Dan Shulman: “Danny Jansen’s contract or service time never seems to be a topic at all  … wouldn’t it be nice if maybe one day we woke up to the news that Danny Jansen has signed, whatever, a three-year deal or something to remain a Blue Jay a little bit longer? I mean, he is so important to this team.”
Buck Martinez: “Yeah he really is, and it’s a position where they don’t have an awful lot of depth and he’s rock solid for the Blue Jays in many aspects.”
During the six seasons he has spent with the Blue Jays, Jansen is slashing .224/.304/.434/.738 with 63 home runs, 192 RBIs, and a wRC+ of 108. Though serving as Toronto’s steady presence behind the plate, Jansen has fought a handful of injuries in recent years, serving IL stints with oblique, hamstring, and groin issues amongst others.
The offensive numbers don’t warrant the $350 million payday, but Jansen has shown immense monthly power spurts – see his 1.072 OPS in 63 Sept./Oct. ABs of 2021 and his 1.007 OPS in 91 Sept./Oct. ABs in 2022. In one way or another, this has led to his recent promotion to batting cleanup in Toronto’s struggling lineup. Furthermore, Jansen has shown his ability to hit some timely home runs for a team that has yearned for clutch hitting this season. In 2023, 10 of his 15 home runs have either tied the game or given the Blue Jays the lead. He’s also had a week this year in which he walked off the Braves and Yankees within the span of a couple of days.
His bat is a legitimate weapon in Toronto’s lineup, but arguably Jansen’s best quality is his presence in the pitcher’s room. While there isn’t a stat that can be put on that, it’s no secret that Jansen is well-respected amongst his pitching staff.
It’s worth noting that Jansen has been through the gauntlet of learning pitching repertoires. Seasons like ’18 and ’19 when Toronto seemingly had a revolving door of pitching staffs — whether due to injury, trade, or call-up — forced Jansen to get acclimated to calling a game for those respective pitchers. Fast forward to today, and he’s now a trusted catcher for some of the game’s most established pitchers in Gausman, Berrios, and Hyun-Jin Ryu just to name a few.

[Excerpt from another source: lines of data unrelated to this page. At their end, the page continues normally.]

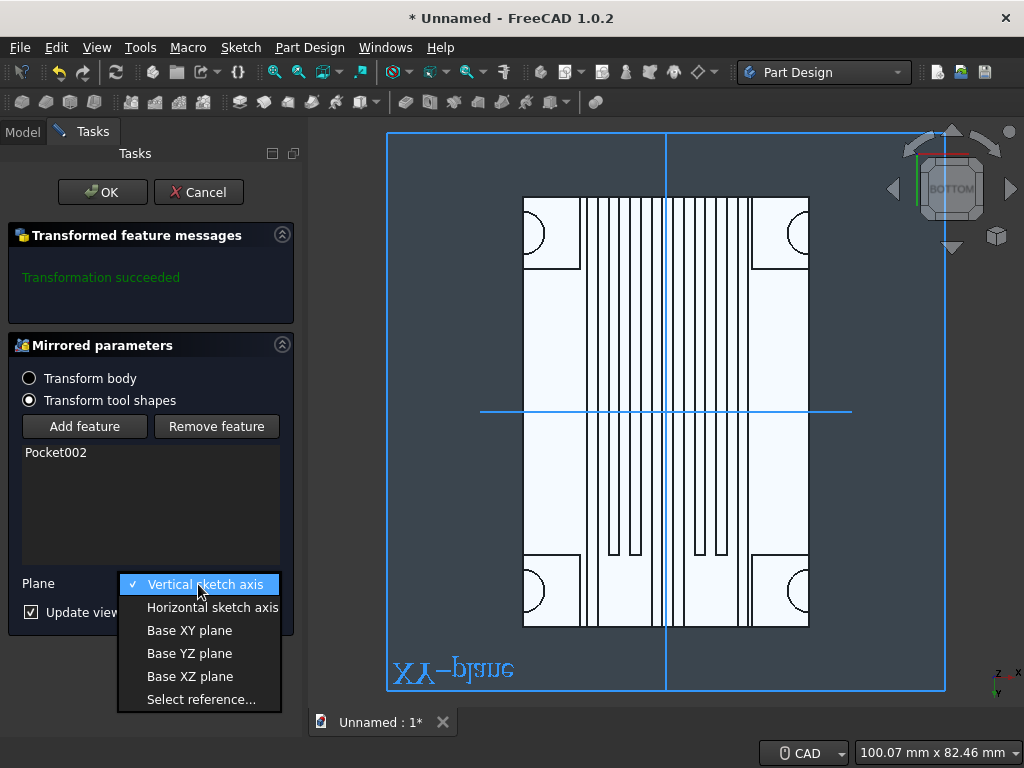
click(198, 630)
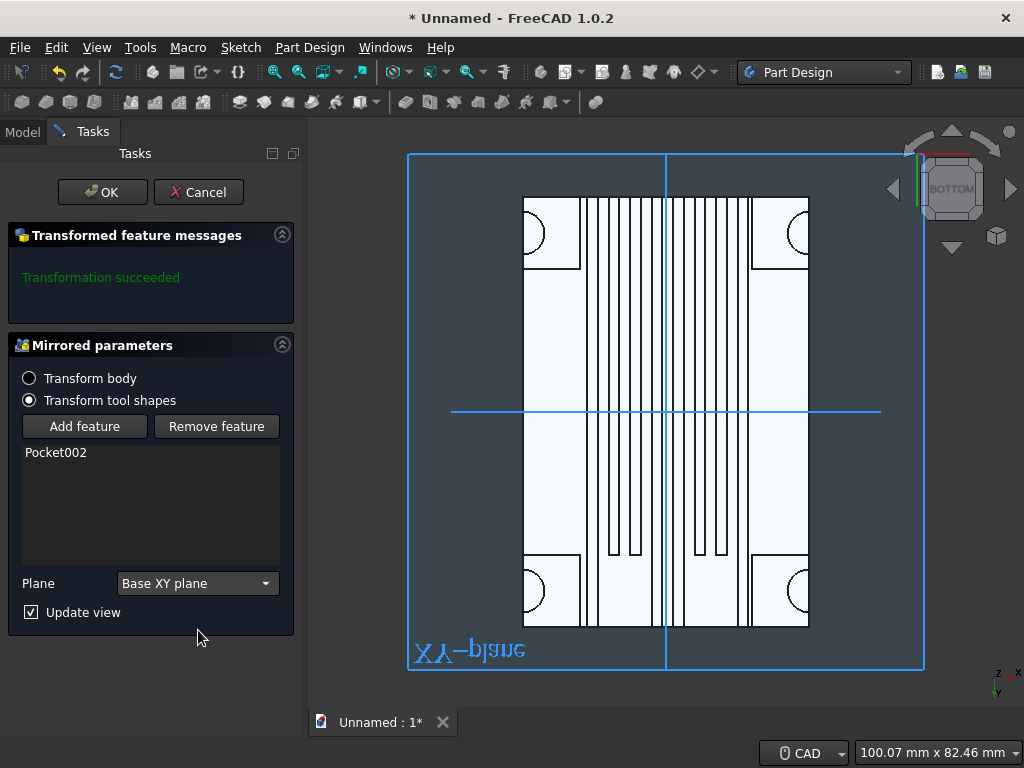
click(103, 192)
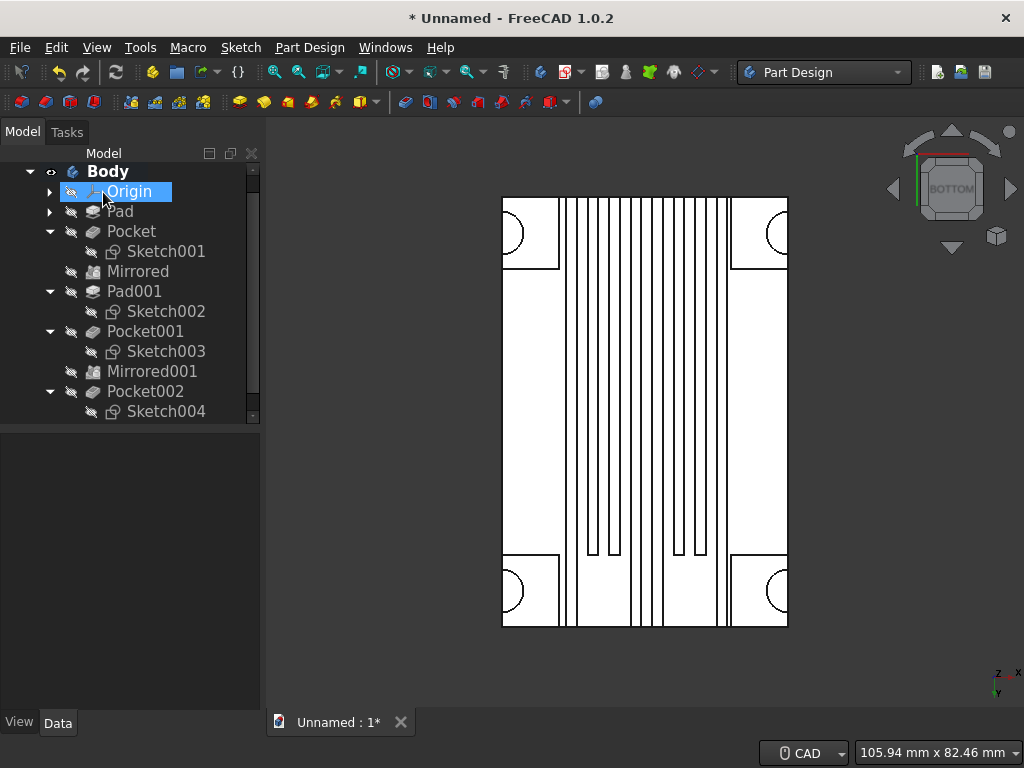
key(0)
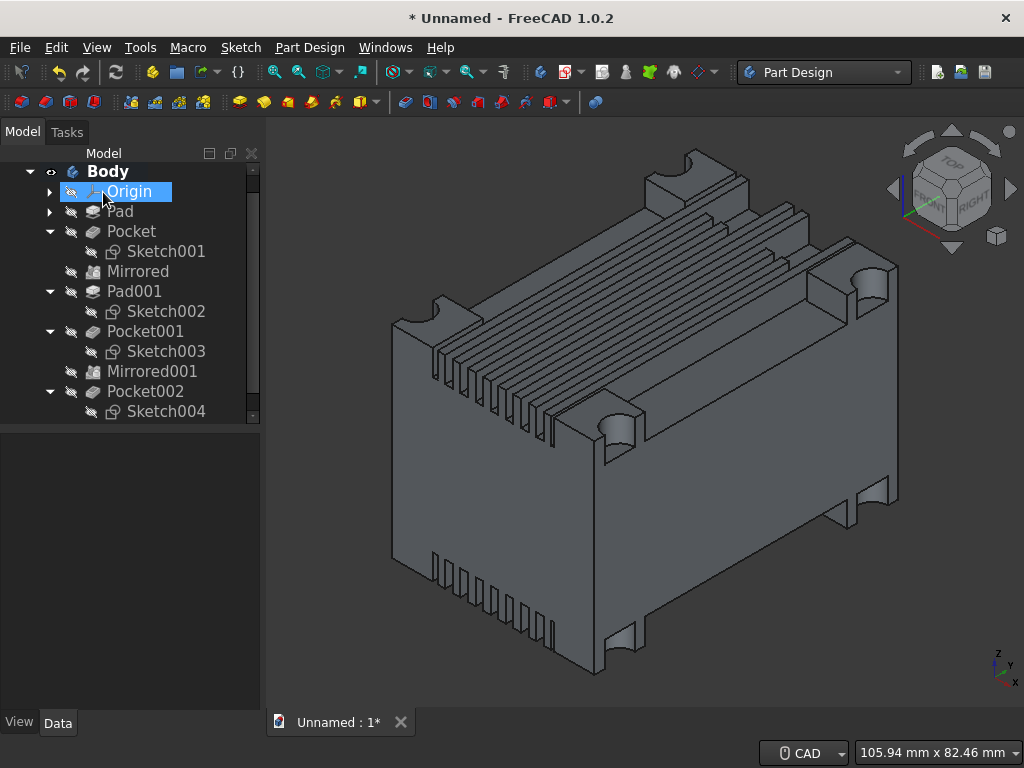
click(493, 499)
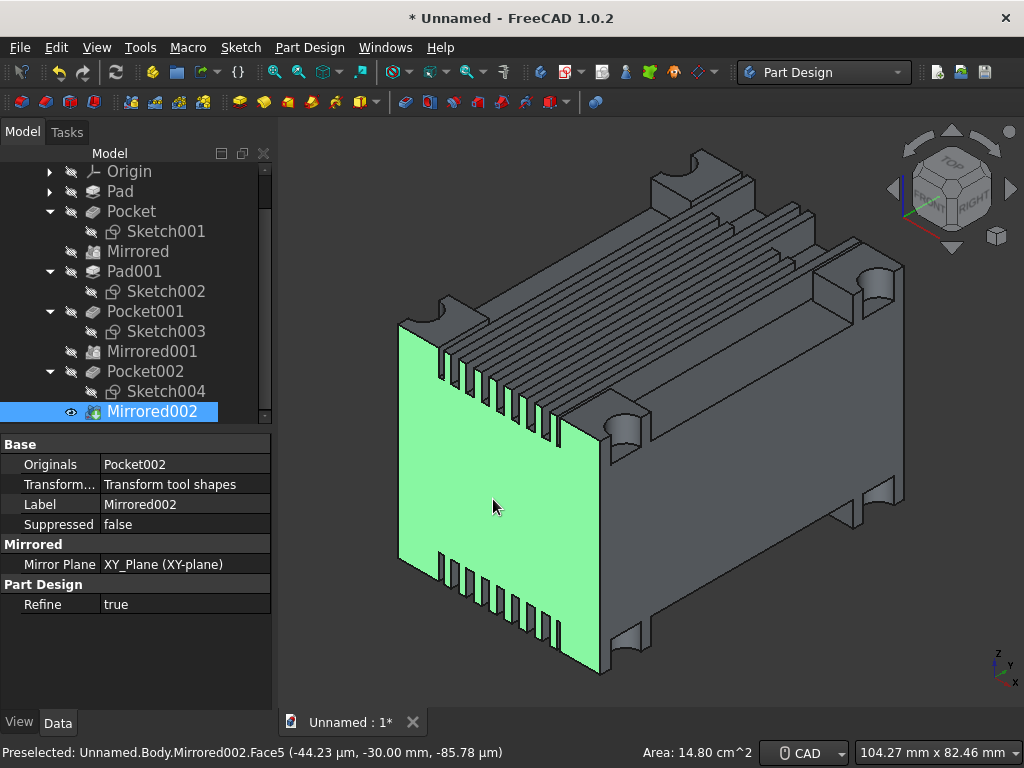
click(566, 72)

There’s also a business side to this, and upon looking at the current catchers market, there are clearly tiers to the payroll amongst MLB catchers. Only three catchers make over $18 million per year: JT Realmuto, Salvador Perez, and Yasmani Grandal, all established veterans. After that, it’s a pretty substantial gap down to James McCann at $12 million (the Mets still being on the hook for a lot of this), and Willson Contreras and Christian Vazquez at $10 million.
The next wave of elite catchers — Adley Rutschman, Sean Murphy, Will Smith — will probably be due a large chunk of money soon. You could even throw the likes of William Contreras and Jonah Heim in there given their offensive improvements and status.
After a few years of making $500K or so per year, Jansen has seen a steady increase in his yearly salary since 2021. He’s gone from making $601K to $1.9 million to $3.5 million this year, and it will probably go up even more at the conclusion of this season considering he’s bound to set a career-high in home runs. While Jansen’s power numbers are nothing to scoff at, he is prone to striking out way more than he walks, and he does have some cold streaks for every hot streak. His batting average has never been higher than .260, a mark he set last year in 72 games.
I’m not a contract expert, and who knows what the catcher market will demand in the coming months/years, but whatever Jansen is owed should be a worthwhile financial commitment for the Blue Jays. The catcher is one of the most important positions to play in all of sports, and if you’ve got a good game-caller that is respected by his pitchers, don’t mess up a good thing. It’s clear Jano loves Toronto, and Toronto should love Jano back.